北岸の磯場は、干潮汀線から10mほど離れて、帯状にマガキがかたまって、カキ礁のようになっている。カキが死んでその上に新しいカキが育ち、100年もすれば、カキ礁になるかもしれない。カキはお台場の水を浄化していると言う説と、カキの排泄もあるので、プラスマイナスゼロだという説もあるが、いくぶん浄化のほうが勝っているのではないかとおもっている。そして、この牡蠣殻の隙間が、ハゼの類、チチブ、アカオビシマハゼ、アゴハゼ、総称してダボハゼの住処になっている。かわいい、とさかギンポも牡蠣殻の中に産卵するという。
2020年、オリンピック競技も行われるということもあり、また、生物の住処環境をよくするために、お台場中心のヘドロ部分を、伊豆の神津島から持ってきた砂で、覆砂する工事がおこなわれた。この覆砂も意見続出で、砂は沈んで、すぐにヘドロが表面に出てくるから、無効だという説、いやいや、砂は持ちこたえるという説もある。
なお、この覆砂が、磯場や、カキ場を被ってしまわないように、岸から、10-20m離したところまで、覆砂された。すなわち、ヘドロの帯が岸から15-25mあたりに残されている。

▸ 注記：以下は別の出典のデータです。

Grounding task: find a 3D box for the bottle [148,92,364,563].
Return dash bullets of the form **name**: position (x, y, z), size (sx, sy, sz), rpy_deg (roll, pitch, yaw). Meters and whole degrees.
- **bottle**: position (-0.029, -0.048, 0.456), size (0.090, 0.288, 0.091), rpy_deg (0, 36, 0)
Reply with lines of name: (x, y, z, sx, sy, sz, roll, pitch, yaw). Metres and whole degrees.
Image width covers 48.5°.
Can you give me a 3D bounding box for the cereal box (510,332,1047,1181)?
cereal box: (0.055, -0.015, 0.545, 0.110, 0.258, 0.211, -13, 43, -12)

Cラインは、この覆砂とヘドロの状況を調査するべく、エントリーの砂浜コーナーから、およそ、80mあたりから、中心に向けて、伸ばした巻き尺ラインである。
またエントリーラインから、西側のお台場公園石垣に向かって、カキ礁のうえを通過するように、これも巻き尺ラインど岸と併行に引いたラインがDラインである。

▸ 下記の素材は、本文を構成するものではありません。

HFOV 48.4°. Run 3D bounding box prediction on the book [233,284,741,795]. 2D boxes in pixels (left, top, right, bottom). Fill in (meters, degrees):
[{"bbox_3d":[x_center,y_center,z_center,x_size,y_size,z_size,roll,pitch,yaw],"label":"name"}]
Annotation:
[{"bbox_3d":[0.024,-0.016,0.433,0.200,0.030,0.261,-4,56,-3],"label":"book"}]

そのDラインの100mではとどかない、あたりに、石垣に沿うように、多分、昔、木製の桟橋があったと思われ、その桟橋の杭の跡が残っていて、これを杭の列とよんでいて、魚を集める人工魚礁のような効果をもたらしている。
ライン調査
★ ラインC 撮影 山本徹
今回も、100mまで、巻き尺のスケールが読み取れる撮影距離で、ゆっくりと、安定して移動撮影を行っている。

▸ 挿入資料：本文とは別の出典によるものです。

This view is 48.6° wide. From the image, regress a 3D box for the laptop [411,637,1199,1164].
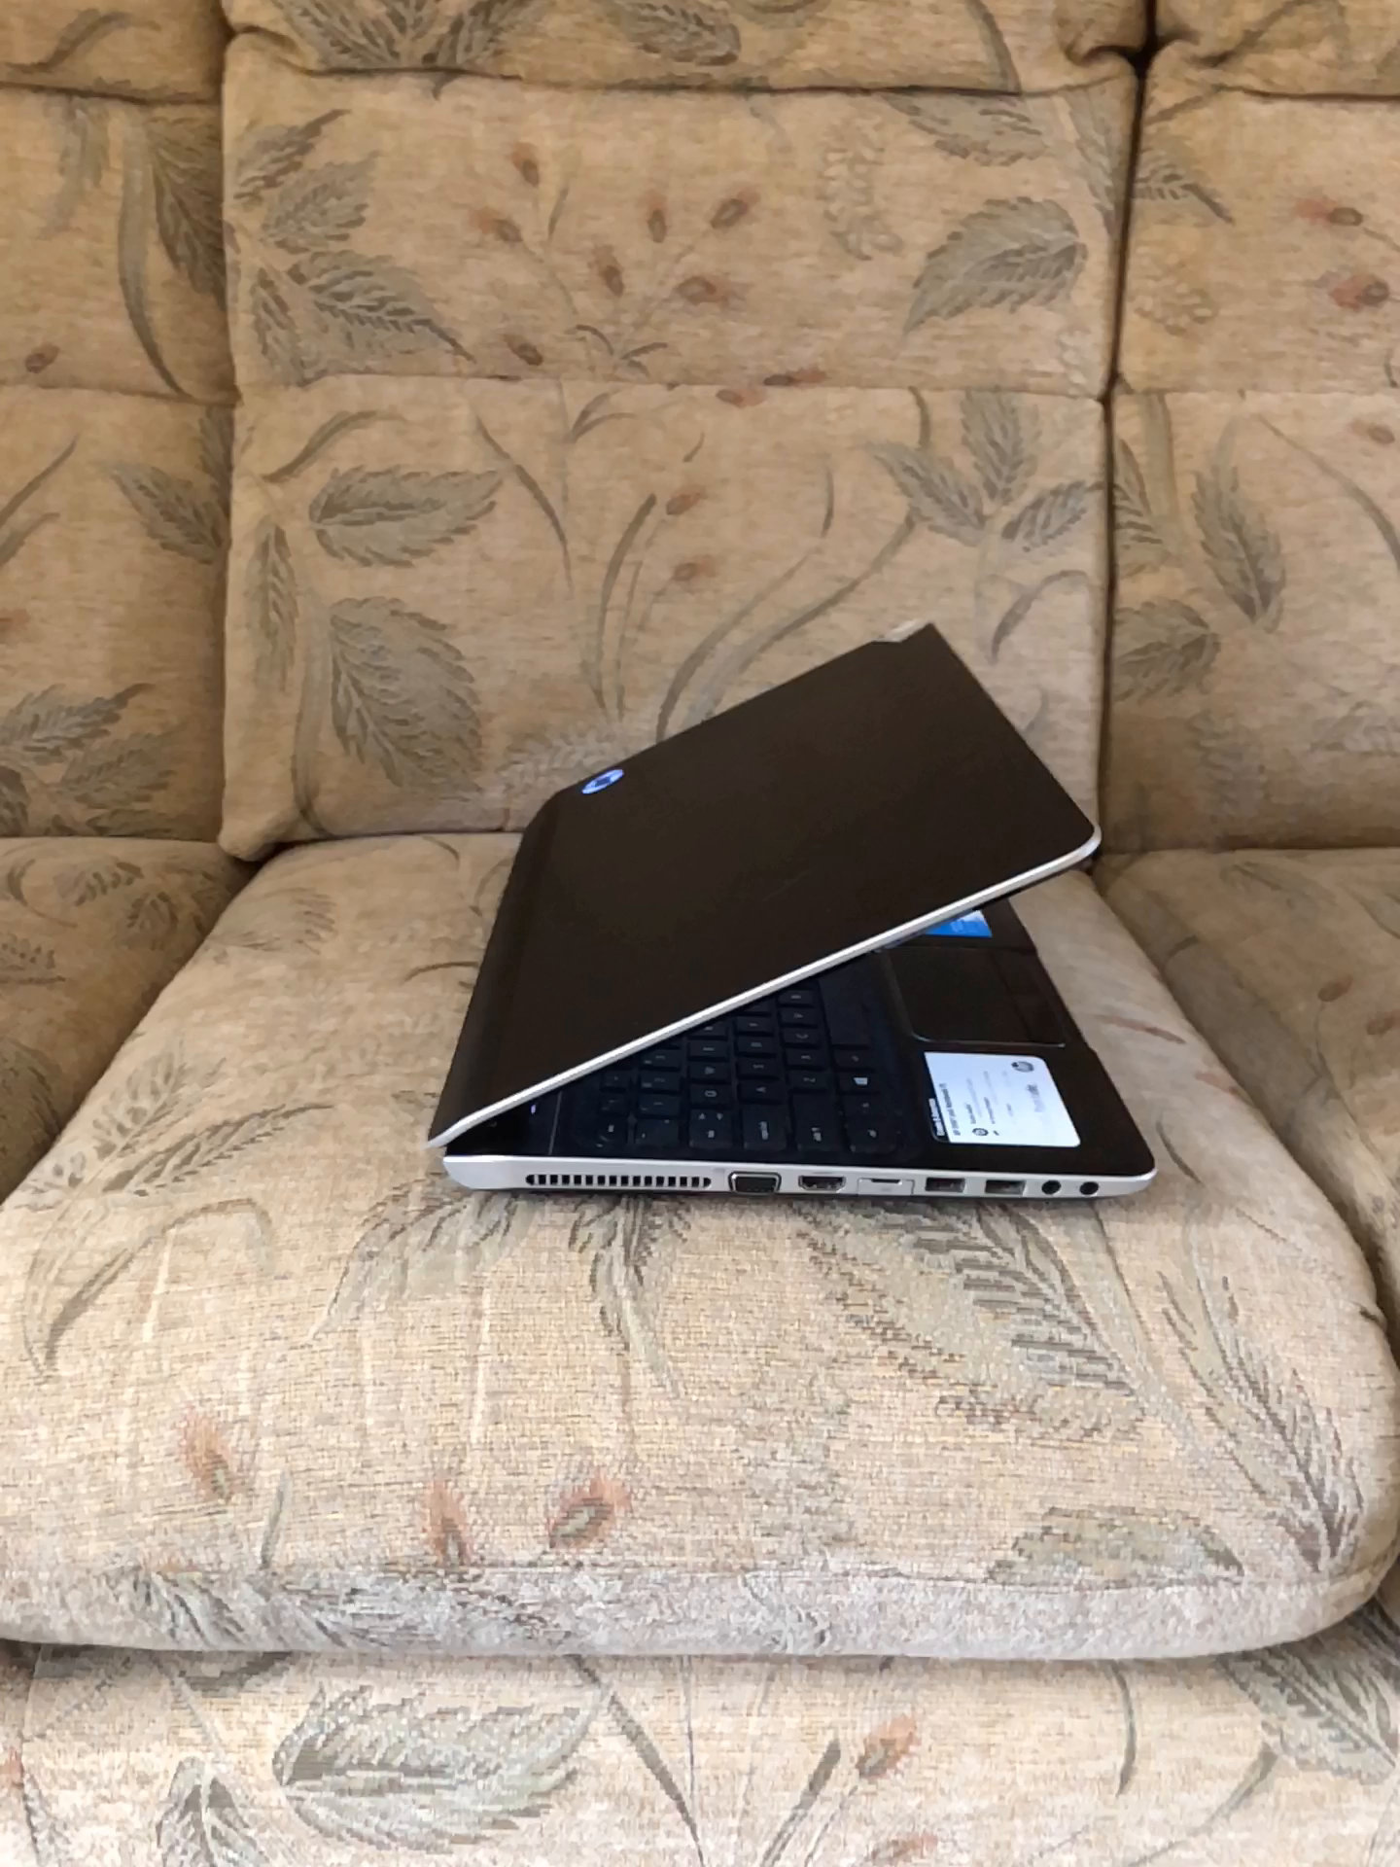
[{"bbox_3d":[0.034,-0.042,0.710,0.253,0.113,0.399,0,22,-1],"label":"laptop"}]

例年、5月になると硫化水素を同化している硫黄バクテリアのマットが散見されるようになるのだが、今年は皆無に近い状態だった。カキ礁から、覆砂の間のヘドロ域が、バクテリアマットが多く見られるのだが、このゾーンでもバクテリアマットは見られなかった、
6月、7月には出てくると思うが、覆砂がされてから、バクテリアマットはすくなくなっているので。効果があったと言うことができる
★ ラインD (ゴミライン) 撮影小林正昭
ラインDは、今回も、6月10日のクリーンアップに備えて、ゴミのたまるくいきにラインをひいた。海が荒れて、ゴミが寄せられたのか、かなりゴミが多く、クリーンアップの効果が期待?さじょうたいだった。
★ 長時間設置カメラ
① 設置担当 三ツ橋知沙
エントリーポイントから、およそ10mの範囲で、マハゼが現れるあたりをねらってもらった。
このあたりは、ボラが餌をとりに来る場所なのか、大きな個体が、岩の表面をさかんに突いていた。そして、期待していた通りに、マハゼが現れ、かなりの数がみられた。まだ、大きくない稚魚と成魚の中間の個体と、稚魚も一緒だった。なお、Cラインの上でも、稚魚はみられた。
そして、マハゼが退場し、少なくなると、ドロメの小さな個体が群れて来た。
興味深いのは、これらが交代で出現することであった。これはヒラタエビの群れが現れた時もそのようだったのだが、ボラが出ているときにはマハゼはでていない。マハゼが居なくなると、交代するようにドロメが出て来た。
② 設置担当、海洋大学 西沢、田中
岩の下をねらってくれるようリクエストしたので、そのように、良い構図でおいてくれたが、このゾーンは、カニの類が潜んでいない限り、岩の下は、チチブ、アゴハゼ、アカオビシマハゼの住処になっている。
★尾島雅子 遊軍的に、全域での魚類ねらい。
今回は北岸、であったが、マハゼの状況を期待したのだが、今回も撮れていなかった。
カットとしては、チチブが2尾絡み合って格闘しているシーン、丸太の端の隙間に、イシガニがうずくまっているシーンが良かった。
牡蠣のほとんどの個体が生きている場所も撮影している。2021年、生きている牡蠣を見つけることがむずかしいような状況から、完全に復活した。